The action of the claimed products was clinically tested. Soaps were formulated in the presence or in the absence of a mixture containing olive oil PEG-7 esters (component A) and Sodium PEG-7 Olive Oil Carboxylate (component B). The ingredients were individually tested. The effect of three soaps (alone, with component A and with component B) was verified on the skin, by testing trans-epidermal water loss (TEWL), skin hydration (corneometry) and skin irritation (colorimetry). Soaps containing either component A or component B exhibited a decrease in TEWL, reduced loss of skin hydration and reduced skin irritation.

As a surfactant, Sodium PEG-7 Olive Oil Carboxylate (in the following Olivem 400) was tested through an in vitro alternative to measure potential eye irritation. This assay quantifies the effects of surfactants on the lysis of erythrocytes (H) and on the three-dimensional conformational changes of proteins (D). Briefly, when erythrocytes are incubated in the presence of surfactants, the latter may interact with the membrane lipids of erythrocytes and cause lysis thereof, thereby releasing intracellular proteins (mostly hemoglobin). Hemoglobin release can be quantified by optical density measurements and is calculated as parameter H. In a second phase, surfactants may interact with proteins causing denaturation thereof. This will lead to a three-dimensional conformational change (denaturation) of proteins that can also be quantified by optical density measurements. Protein denaturation is calculated as parameter D. Results are expressed as H/D ratio by weight. Products having an H/D ratio of 10 or above are categorised as non pro-irritant, while those showing an H/D ratio below 10 are categorised as potentially pro-irritant. It is noteworthy that most surfactants become pro-irritant when they interact with proteins of the stratum corneum, causing protein denaturation. An H/D ratio as high as possible is therefore desirable. A comparison of the H/D ratio of Olivem 400 with standard surfactants showed that Olivem 400 exhibits a higher H/D ratio by 2.19-89.28 times.

Olivem 400 can also reduce the aggressiveness of other surfactants when mixed with them. A solution of 17.1% sodium lauryl ether sulphate was incubated in the presence of 7.2% of sodium cocoamphoacetate (NCA), decyl glucoside (DG) or Olivem 400. All the above-cited agents are mild surfactants. The admixtures with Olivem 400 led to an H/D higher by 1.12-2.01 times than with the others, the H/D value being 12.1. Therefore the products according to this invention can be used both alone (as surfactants) and in a mixture with other surfactants (as agents making the other surfactants milder). Although a surfactant produced by inserting the products of this invention into a conventional surfactant is stronger (i.e. less mild) than the products of this invention alone, it is nevertheless useful to make the conventional surfactants less harmful.

The ability of oil PEG-7 esters (in the following Olivem 300) and Olivem 400 to make soaps more compatible with skin physiology was clinically tested.
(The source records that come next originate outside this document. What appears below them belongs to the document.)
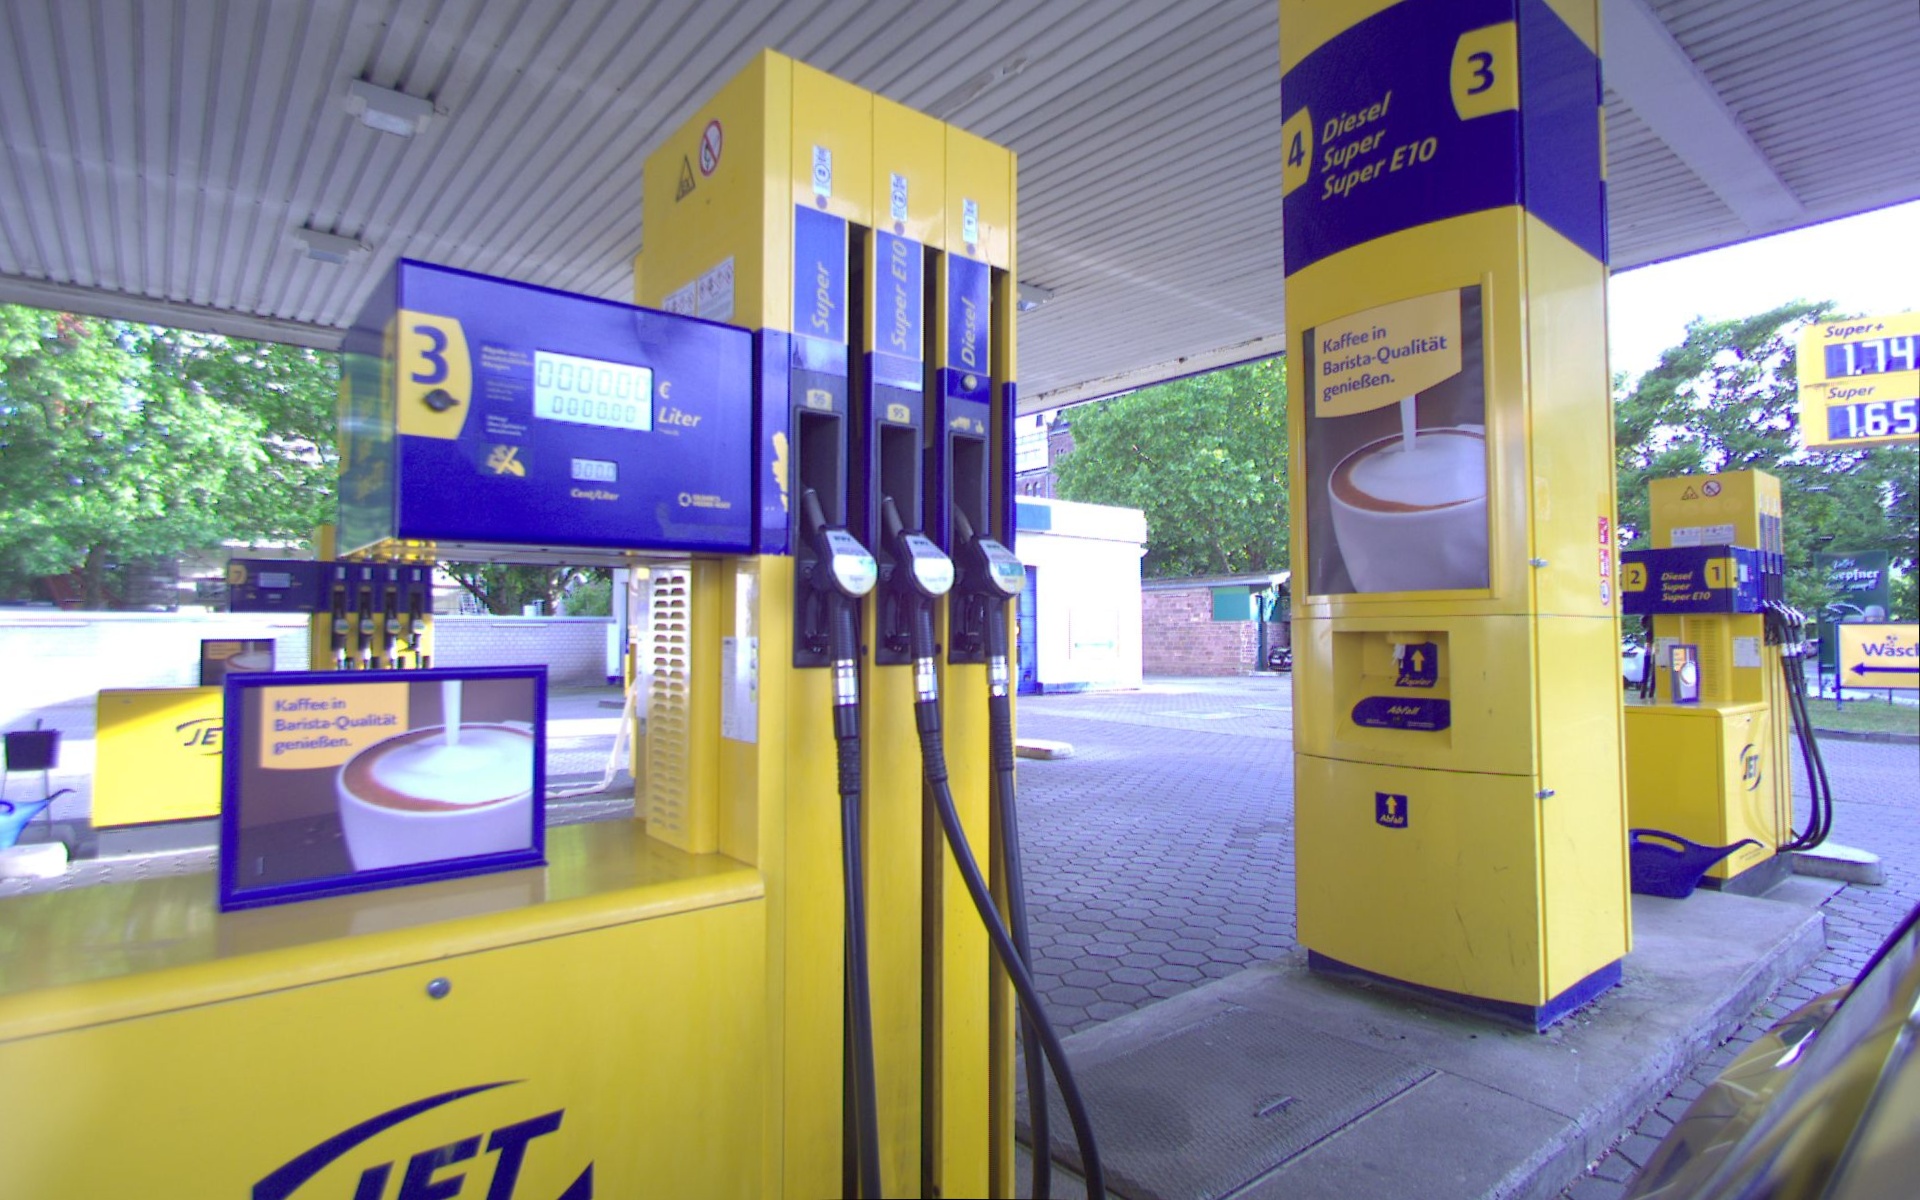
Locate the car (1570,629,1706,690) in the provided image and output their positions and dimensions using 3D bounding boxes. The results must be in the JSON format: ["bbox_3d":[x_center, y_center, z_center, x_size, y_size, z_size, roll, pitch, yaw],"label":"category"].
[{"bbox_3d":[18.231,1.559,27.171,3.923,1.529,1.740,2,-3,-35],"label":"car"}]

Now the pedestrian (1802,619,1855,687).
[{"bbox_3d":[26.935,1.628,31.403,0.923,2.040,1.205,0,-2,25],"label":"pedestrian"}]

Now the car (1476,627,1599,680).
[{"bbox_3d":[17.567,1.638,30.759,3.923,1.529,1.740,3,-3,-35],"label":"car"}]

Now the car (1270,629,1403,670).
[{"bbox_3d":[12.841,1.695,34.507,4.134,1.294,1.751,2,-3,-22],"label":"car"}]

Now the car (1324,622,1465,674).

A base bar formulation was developed and used either alone (control) or additioned with 2% Olivem 300 or 2% Olivem 400. The three soap bars to be tested were diluted at 10% in water and the solution was applied as a semi-occlusive patch to the skin of healthy subjects for 24 hours. The use of a semi-occlusive patch is important to allow for water evaporation of the soap solution.
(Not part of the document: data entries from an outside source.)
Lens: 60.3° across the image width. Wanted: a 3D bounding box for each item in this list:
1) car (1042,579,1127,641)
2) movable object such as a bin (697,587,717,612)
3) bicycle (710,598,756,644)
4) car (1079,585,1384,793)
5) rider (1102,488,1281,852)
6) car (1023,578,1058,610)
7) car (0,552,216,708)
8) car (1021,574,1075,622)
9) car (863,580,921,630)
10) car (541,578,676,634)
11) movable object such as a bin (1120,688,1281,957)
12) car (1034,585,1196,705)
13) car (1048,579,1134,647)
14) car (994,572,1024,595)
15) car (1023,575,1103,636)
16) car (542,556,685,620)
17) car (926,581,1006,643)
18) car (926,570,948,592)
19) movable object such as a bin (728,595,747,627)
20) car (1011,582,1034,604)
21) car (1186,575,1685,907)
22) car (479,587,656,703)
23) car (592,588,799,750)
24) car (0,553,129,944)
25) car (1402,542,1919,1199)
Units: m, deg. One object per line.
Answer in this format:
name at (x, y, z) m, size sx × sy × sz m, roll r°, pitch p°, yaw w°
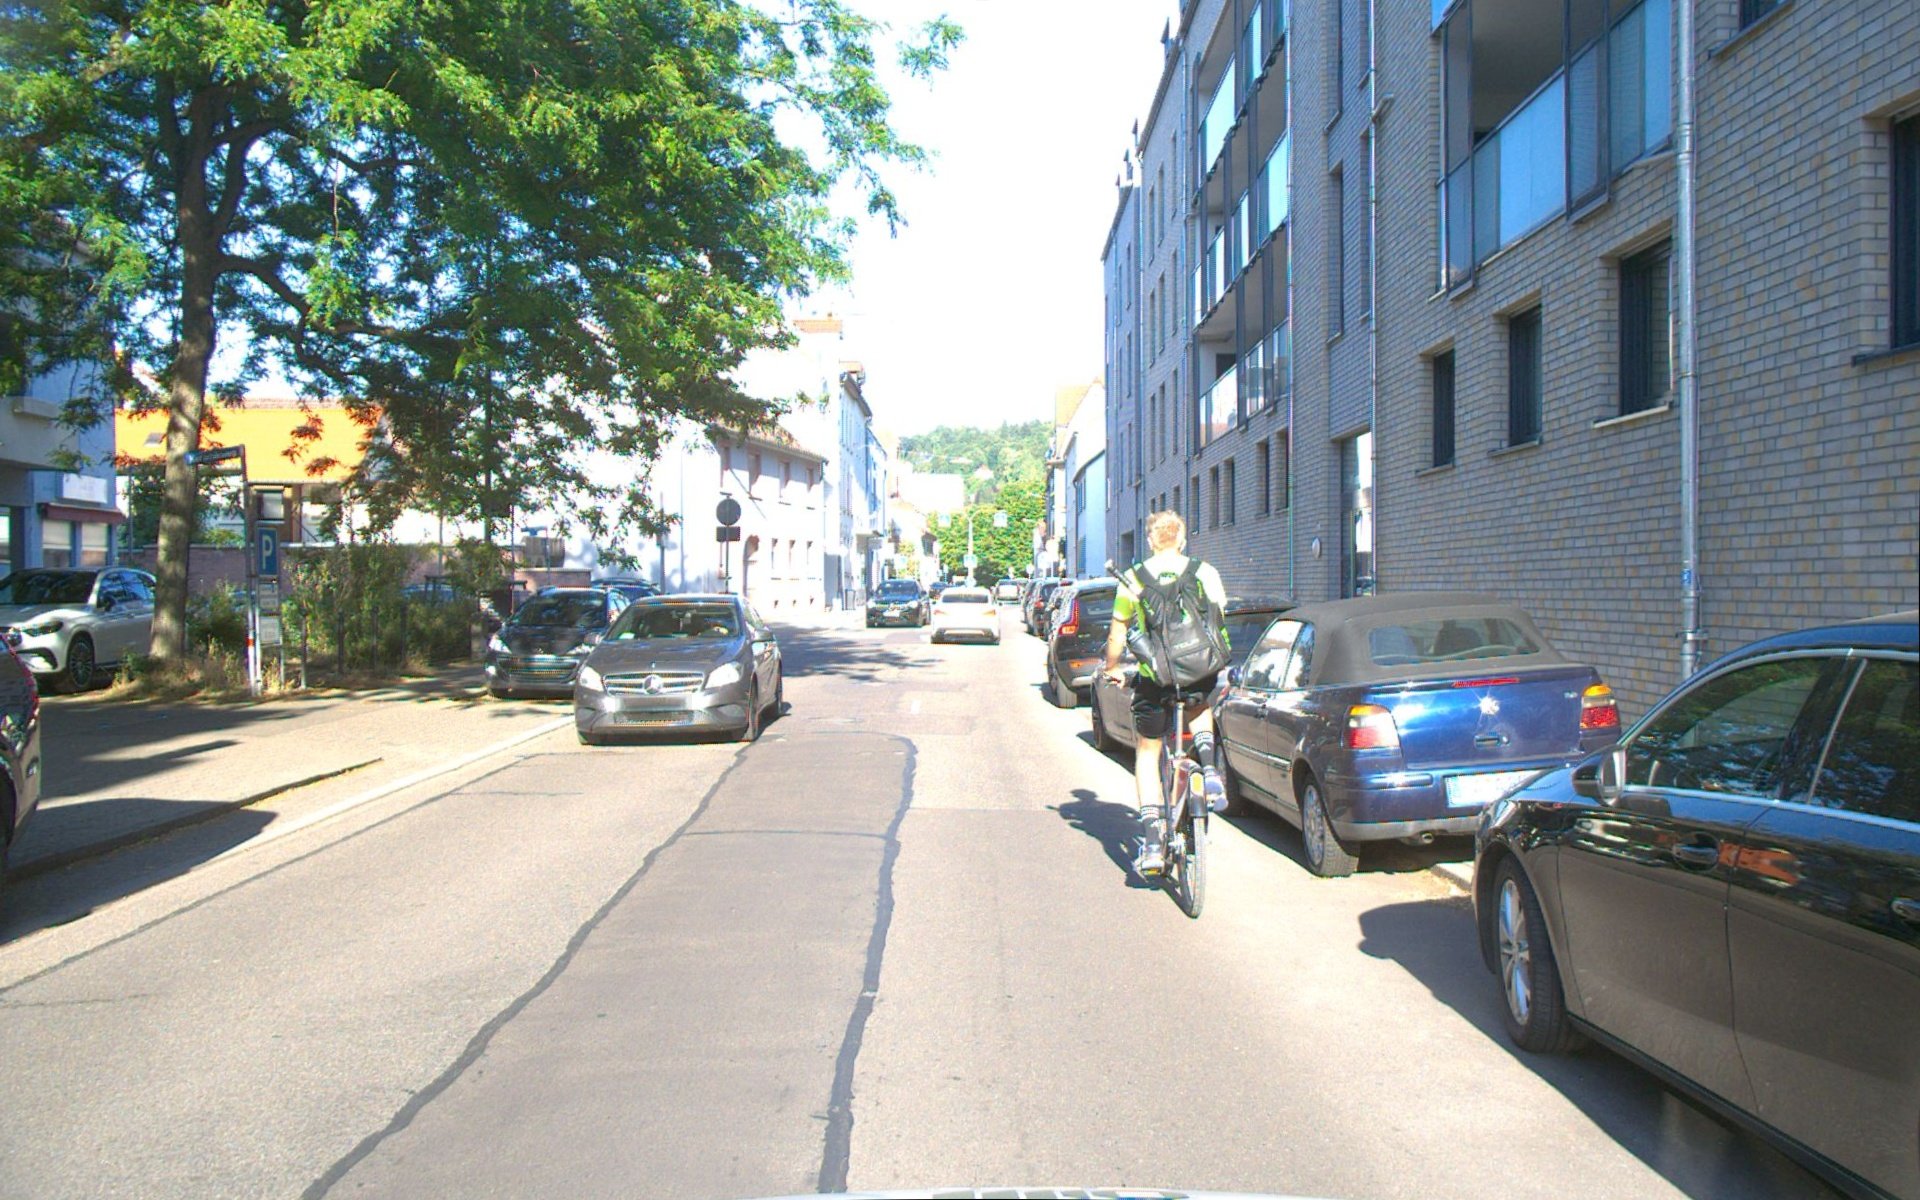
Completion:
car at (3.309, 0.225, 44.767) m, size 1.953 × 1.532 × 4.367 m, roll -1°, pitch 1°, yaw 0°
movable object such as a bin at (-8.837, -0.017, 57.806) m, size 0.586 × 0.887 × 0.606 m, roll 0°, pitch 0°, yaw -1°
bicycle at (-5.344, 0.481, 39.015) m, size 0.689 × 1.020 × 1.942 m, roll 0°, pitch 0°, yaw 4°
car at (2.221, 0.654, 14.829) m, size 1.663 × 1.493 × 4.717 m, roll -2°, pitch 0°, yaw -3°
rider at (1.074, 0.316, 7.876) m, size 0.640 × 1.589 × 1.083 m, roll 2°, pitch -1°, yaw -1°
car at (4.179, -0.325, 86.172) m, size 1.705 × 1.518 × 4.440 m, roll -3°, pitch 1°, yaw 2°
car at (-12.181, 0.335, 22.843) m, size 1.806 × 1.928 × 4.903 m, roll -1°, pitch 1°, yaw -3°
car at (3.306, -0.109, 62.789) m, size 1.816 × 1.664 × 4.624 m, roll -3°, pitch 1°, yaw 2°
car at (-2.313, 0.147, 57.166) m, size 1.900 × 1.603 × 4.318 m, roll -1°, pitch 0°, yaw -2°
car at (-10.928, 0.176, 51.617) m, size 3.689 × 1.556 × 2.001 m, roll -2°, pitch 1°, yaw 1°
movable object such as a bin at (1.111, 0.994, 7.944) m, size 0.445 × 1.051 × 1.840 m, roll 2°, pitch -1°, yaw -1°
car at (2.075, 0.553, 23.198) m, size 1.779 × 1.492 × 4.269 m, roll -1°, pitch 0°, yaw -1°
car at (3.101, 0.275, 39.846) m, size 1.678 × 1.428 × 4.073 m, roll -4°, pitch 1°, yaw 0°
car at (3.325, -1.145, 112.278) m, size 1.952 × 1.492 × 4.001 m, roll -1°, pitch 0°, yaw 1°
car at (3.052, 0.134, 49.878) m, size 1.953 × 1.682 × 4.762 m, roll -1°, pitch 1°, yaw -1°
car at (-11.557, -0.426, 55.313) m, size 4.273 × 1.825 × 1.989 m, roll 3°, pitch 3°, yaw 2°
car at (0.112, 0.279, 42.767) m, size 1.953 × 1.492 × 3.999 m, roll -1°, pitch 0°, yaw -1°
car at (-2.161, -1.812, 156.489) m, size 1.953 × 2.049 × 4.000 m, roll 0°, pitch 1°, yaw -1°
movable object such as a bin at (-7.919, 0.390, 58.892) m, size 0.586 × 1.113 × 0.751 m, roll 0°, pitch 0°, yaw 1°
car at (5.653, -0.632, 150.942) m, size 1.970 × 1.885 × 4.000 m, roll 0°, pitch 1°, yaw 0°
car at (2.623, 0.670, 10.199) m, size 1.630 × 1.542 × 4.217 m, roll -3°, pitch 0°, yaw -3°
car at (-5.623, 0.581, 24.140) m, size 1.662 × 1.518 × 3.999 m, roll -1°, pitch 0°, yaw -1°
car at (-2.688, 0.635, 17.632) m, size 1.771 × 1.492 × 3.997 m, roll -1°, pitch 0°, yaw -4°
car at (-5.151, 0.643, 5.853) m, size 1.892 × 1.735 × 5.099 m, roll 2°, pitch 0°, yaw -1°
car at (2.706, 0.644, 4.340) m, size 1.690 × 1.556 × 4.625 m, roll -4°, pitch 0°, yaw -1°

After 24 hours, the patch was removed and three parameters were clinically evaluated: TEWL (trans epidermal water loss), skin hydration and skin erythema at various times after having removed the patch. Immediately after patch removal, contact with the base soap bar caused an excessive increase in TEWL. With time, the skin barrier function reorganises itself as the TEWL value decreases. Even 60 minutes after having removed the patch, the TEWL value is above the baseline, showing that the skin barrier function has not completely recovered yet. The addition of Olivem 300 or 400 minimises the increase of TEWL by 61.1% (Olivem 300) or by 47.8% (Olivem 400).

Results obtained through corneometry measurements show that the loss of skin hydration is prevented by the admixture according to this invention.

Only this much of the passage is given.